# What can you tell me about Ostalin?



## crow81 (Dec 12, 2007)

RangerWicket 

I have a player who moved away we are starting a play by post sea based adventure con-current with the war. The player will also be based in Seaquen in one of the few surviving fleets. Based on the blurbs from the mods I see no mention of Ostalin as the setting of any of the mods. Do you have any backround material that I can use to shape the country. Political setting, natural resources, ect.

As always any help would be great 


Regards 

Rich


----------



## RangerWickett (Dec 12, 2007)

Spoilers for adventures 5 and beyond. You are warned.





			
				crow81 said:
			
		

> RangerWicket
> 
> I have a player who moved away we are starting a play by post sea based adventure con-current with the war. The player will also be based in Seaquen in one of the few surviving fleets. Based on the blurbs from the mods I see no mention of Ostalin as the setting of any of the mods. Do you have any backround material that I can use to shape the country. Political setting, natural resources, ect.
> 
> ...




Adventure Five, Mission to the Monastery of Two Winds, starts out in Ostalin, but quickly moves to the mountains that divide Ostalin from Sindaire. It's a shame we don't have more stuff that takes place in other parts of the setting, but a) I wanted to leave some places more open for the GM to do his own stuff, b) I couldn't fit extra plot lines into the adventures while still including the core backbone of the campaign, and c) we were toying with the idea of having side products provide that sort of detail. 

A lack of manpower stymied idea C. Now, in hindsight I realize that we probably could've retooled the 5th, 6th, and 7th adventures to explore a bit more of the nations in question, but even in Lord of the Rings there are a lot more nations than the ones the heroes go to. However, if I had a chance to do it over again, I might cut back on the combat encounters in those adventures and work in a reason for the heroes to go to the capitals of those nations for more politicking.

As for Ostalin, my basic idea for them is Mongolia meets Korea, in a time when their current ruler is not nearly as skilled and commanding as the one before him. 

Each of the nations the heroes can ally with has a vague elemental connection. Shahalesti with its fleets is water, Dassen with its love of land is earth, Sindaire with the firestorm left by the assassination of Coaltongue is fire, and Ostalin with its high peaks, vast windy steppes, and hippogriff cavalry is air. Ostalin has jungles to the south, but the central terrain is somewhat arid. They also are the source of biomancy, and so have lots of hybrid creatures (like hippogriffs, for instance).

The Khagan, Onamdammin, rules a nation that his father conquered, and though he has large armies at his disposal, they aren't sturdy legions like those of Ragesia.

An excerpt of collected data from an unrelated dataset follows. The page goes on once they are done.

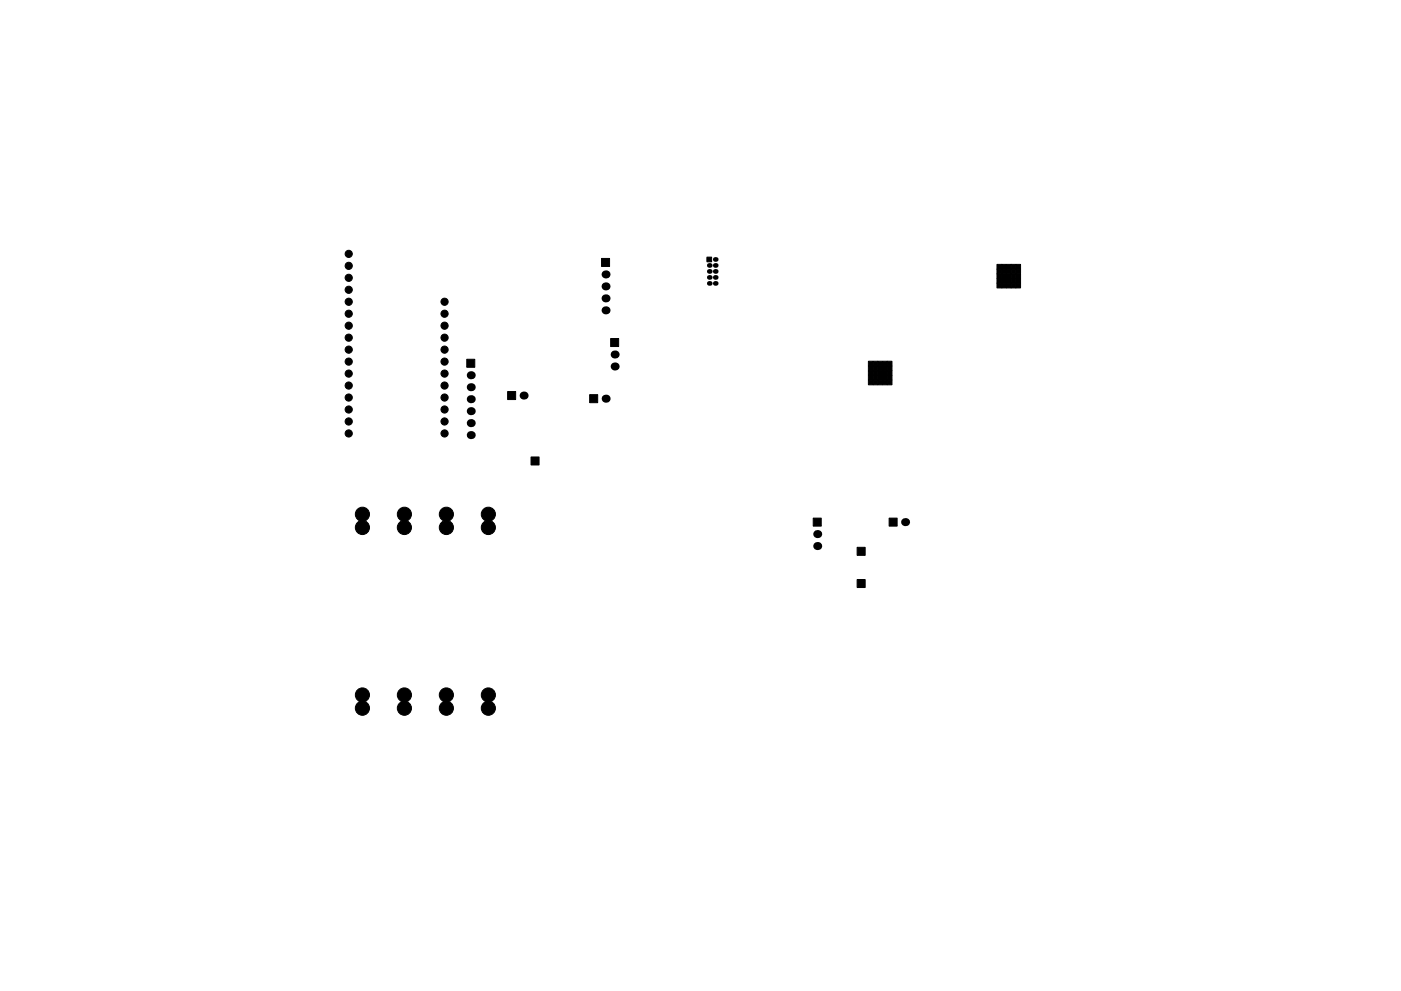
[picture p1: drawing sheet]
<svg xmlns="http://www.w3.org/2000/svg" width="297mm" height="210mm" viewBox="0 0 297 210" stroke-linecap="round" stroke-linejoin="round" font-family="sans-serif">
<g fill="#000" stroke="#000" stroke-width=".21">
<path d="M127.5 54.8h1.7v1.7h-1.7zM149.9 54.5h1v1h-1zM211.4 58.1h1v1h-1zM211.4 57.1h1v1h-1zM211.4 56.1h1v1h-1zM212.4 58.1h1v1h-1zM212.4 57.1h1v1h-1zM212.4 56.1h1v1h-1zM213.4 58.1h1v1h-1zM213.4 57.1h1v1h-1zM213.4 56.1h1v1h-1zM214.4 58.1h1v1h-1z"/>
<path d="M214.4 57.1h1v1h-1zM214.4 56.1h1v1h-1zM215.4 58.1h1v1h-1zM215.4 57.1h1v1h-1zM215.4 56.1h1v1h-1zM99 76.2h1.7v1.7h-1.7zM129.5 71.8h1.7v1.7h-1.7zM184.1 78.6h1v1h-1zM184.1 77.6h1v1h-1zM184.1 76.6h1v1h-1zM185.1 78.6h1v1h-1zM185.1 77.6h1v1h-1z"/>
<path d="M185.1 76.6h1v1h-1zM186.1 78.6h1v1h-1zM186.1 77.6h1v1h-1zM186.1 76.6h1v1h-1zM187.1 78.6h1v1h-1zM187.1 77.6h1v1h-1zM187.1 76.6h1v1h-1zM188.1 78.6h1v1h-1zM188.1 77.6h1v1h-1zM188.1 76.6h1v1h-1zM211.4 60.1h1v1h-1zM211.4 59.1h1v1h-1z"/>
<path d="M212.4 60.1h1v1h-1zM212.4 59.1h1v1h-1zM213.4 60.1h1v1h-1zM213.4 59.1h1v1h-1zM214.4 60.1h1v1h-1zM214.4 59.1h1v1h-1zM215.4 60.1h1v1h-1zM215.4 59.1h1v1h-1zM107.6 83.1h1.7v1.7h-1.7zM112.6 97h1.7v1.7h-1.7zM125 83.7h1.7v1.7h-1.7zM184.1 80.6h1v1h-1z"/>
<path d="M184.1 79.6h1v1h-1zM185.1 80.6h1v1h-1zM185.1 79.6h1v1h-1zM186.1 80.6h1v1h-1zM186.1 79.6h1v1h-1zM187.1 80.6h1v1h-1zM187.1 79.6h1v1h-1zM188.1 80.6h1v1h-1zM188.1 79.6h1v1h-1zM172.4 109.9h1.7v1.7h-1.7zM181.7 116.1h1.7v1.7h-1.7zM188.5 109.9h1.7v1.7h-1.7z"/>
<path d="M181.7 123h1.7v1.7h-1.7z"/>
<circle cx="73.9" cy="53.9" r=".76"/>
<circle cx="73.9" cy="58.9" r=".76"/>
<circle cx="73.9" cy="56.4" r=".76"/>
<circle cx="73.9" cy="79.3" r=".76"/>
<circle cx="73.9" cy="64" r=".76"/>
<circle cx="73.9" cy="74.2" r=".76"/>
<circle cx="73.9" cy="69.1" r=".76"/>
<circle cx="73.9" cy="61.5" r=".76"/>
<circle cx="73.9" cy="71.6" r=".76"/>
<circle cx="73.9" cy="76.7" r=".76"/>
<circle cx="73.9" cy="66.6" r=".76"/>
<circle cx="94.3" cy="66.6" r=".76"/>
<circle cx="94.3" cy="74.2" r=".76"/>
<circle cx="94.3" cy="76.7" r=".76"/>
<circle cx="94.3" cy="79.3" r=".76"/>
<circle cx="94.3" cy="64" r=".76"/>
<circle cx="94.3" cy="69.1" r=".76"/>
<circle cx="94.3" cy="71.6" r=".76"/>
<circle cx="73.9" cy="86.9" r=".76"/>
<circle cx="73.9" cy="84.3" r=".76"/>
<circle cx="73.9" cy="92" r=".76"/>
<circle cx="73.9" cy="89.4" r=".76"/>
<circle cx="73.9" cy="81.8" r=".76"/>
<circle cx="94.3" cy="86.9" r=".76"/>
<circle cx="94.3" cy="92" r=".76"/>
<circle cx="94.3" cy="81.8" r=".76"/>
<circle cx="94.3" cy="84.3" r=".76"/>
<circle cx="94.3" cy="89.4" r=".76"/>
<circle cx="76.8" cy="111.9" r="1.5"/>
<circle cx="76.8" cy="109.1" r="1.5"/>
<circle cx="85.7" cy="111.9" r="1.5"/>
<circle cx="85.7" cy="109.1" r="1.5"/>
<circle cx="94.6" cy="111.9" r="1.5"/>
<circle cx="94.6" cy="109.1" r="1.5"/>
<circle cx="103.5" cy="111.9" r="1.5"/>
<circle cx="103.5" cy="109.1" r="1.5"/>
<circle cx="76.8" cy="150.3" r="1.5"/>
<circle cx="76.8" cy="147.4" r="1.5"/>
<circle cx="85.7" cy="150.3" r="1.5"/>
<circle cx="85.7" cy="147.4" r="1.5"/>
<circle cx="94.6" cy="150.3" r="1.5"/>
<circle cx="94.6" cy="147.4" r="1.5"/>
<circle cx="103.5" cy="150.3" r="1.5"/>
<circle cx="103.5" cy="147.4" r="1.5"/>
</g>
<g fill="#000">
<circle cx="128.4" cy="58.2" r=".85"/>
<circle cx="150.4" cy="56.3" r=".5"/>
<circle cx="150.4" cy="57.6" r=".5"/>
<circle cx="150.4" cy="58.9" r=".5"/>
<circle cx="151.6" cy="57.6" r=".5"/>
<circle cx="151.6" cy="58.9" r=".5"/>
<circle cx="151.6" cy="55" r=".5"/>
<circle cx="151.6" cy="56.3" r=".5"/>
<circle cx="99.8" cy="79.6" r=".85"/>
<circle cx="128.4" cy="65.8" r=".85"/>
<circle cx="128.4" cy="63.3" r=".85"/>
<circle cx="128.4" cy="60.8" r=".85"/>
<circle cx="130.3" cy="75.2" r=".85"/>
<circle cx="130.3" cy="77.8" r=".85"/>
<circle cx="150.4" cy="60.1" r=".5"/>
<circle cx="151.6" cy="60.1" r=".5"/>
<circle cx="99.8" cy="84.7" r=".85"/>
<circle cx="99.8" cy="89.8" r=".85"/>
<circle cx="99.8" cy="82.2" r=".85"/>
<circle cx="99.8" cy="87.2" r=".85"/>
<circle cx="99.8" cy="92.3" r=".85"/>
<circle cx="111" cy="83.9" r=".85"/>
<circle cx="128.4" cy="84.6" r=".85"/>
<circle cx="173.3" cy="113.3" r=".85"/>
<circle cx="173.3" cy="115.9" r=".85"/>
<circle cx="191.9" cy="110.8" r=".85"/>
</g>
</svg>

They're more mobile, a lot of them cavalry or rangers. I envision a more feudal nation, with local warlords offering tribute to the Khagan, and pledging to serve him in battle (though not if the Khagan is an ineffective leader). This is why Onamdammin is allying with Pilus, because he knows the power of The Tempest will capture the allegiance of his many warlords.

Outside of the main power structures, I imagine there would be pirates around the coasts, slavers, and all manner of strange beasts roaming the countryside, the product of generations of crazy sorcerers tampering with nature.

Any more questions? What plot do you have in mind?


----------



## crow81 (Dec 13, 2007)

I am using one of free Thanksgiving Giveaways from RPGnow a source book called Broadsides 

Here is the intro 

"Shayne stands on the foredeck of her flagship the Galley Procan's Blessing staring out over Seaquen. She sees that the other members of her former party ride off to parts unknown. Her task now is get trading established between Ostalin, or Uncharted Lands further East  (choose one) and Seaquen or the multitudes of new refugees will starve. Taking ? of her Carracks filled with trade goods mostly lumber and a few cases of magical potions and oils along with a  ? Galley(s)  for protection. She gives the order and the fleet such that it is heads out."

The total fleet that she inherited when her father died in the hurricane (Mod 4)  was 3 Galleys and 4 Small Carracks stats listed in Broadsides.  

Think sort of age of exploration. Pirates and Slavers are a given but I also wanted to have new cultures,  diplomacy ect. Based on her choices she may never see Seaquen or the party again. 

I have a second player who already thinks himself a merchant prince moving in June 2008. He will most like join the Play by Post as well after the 6th adventure.


Thanks for the information Ranger it will be very helpful in designing the first adventure 

Any other suggestions, ideas or resource recommendations from anyone feel free offer them.


----------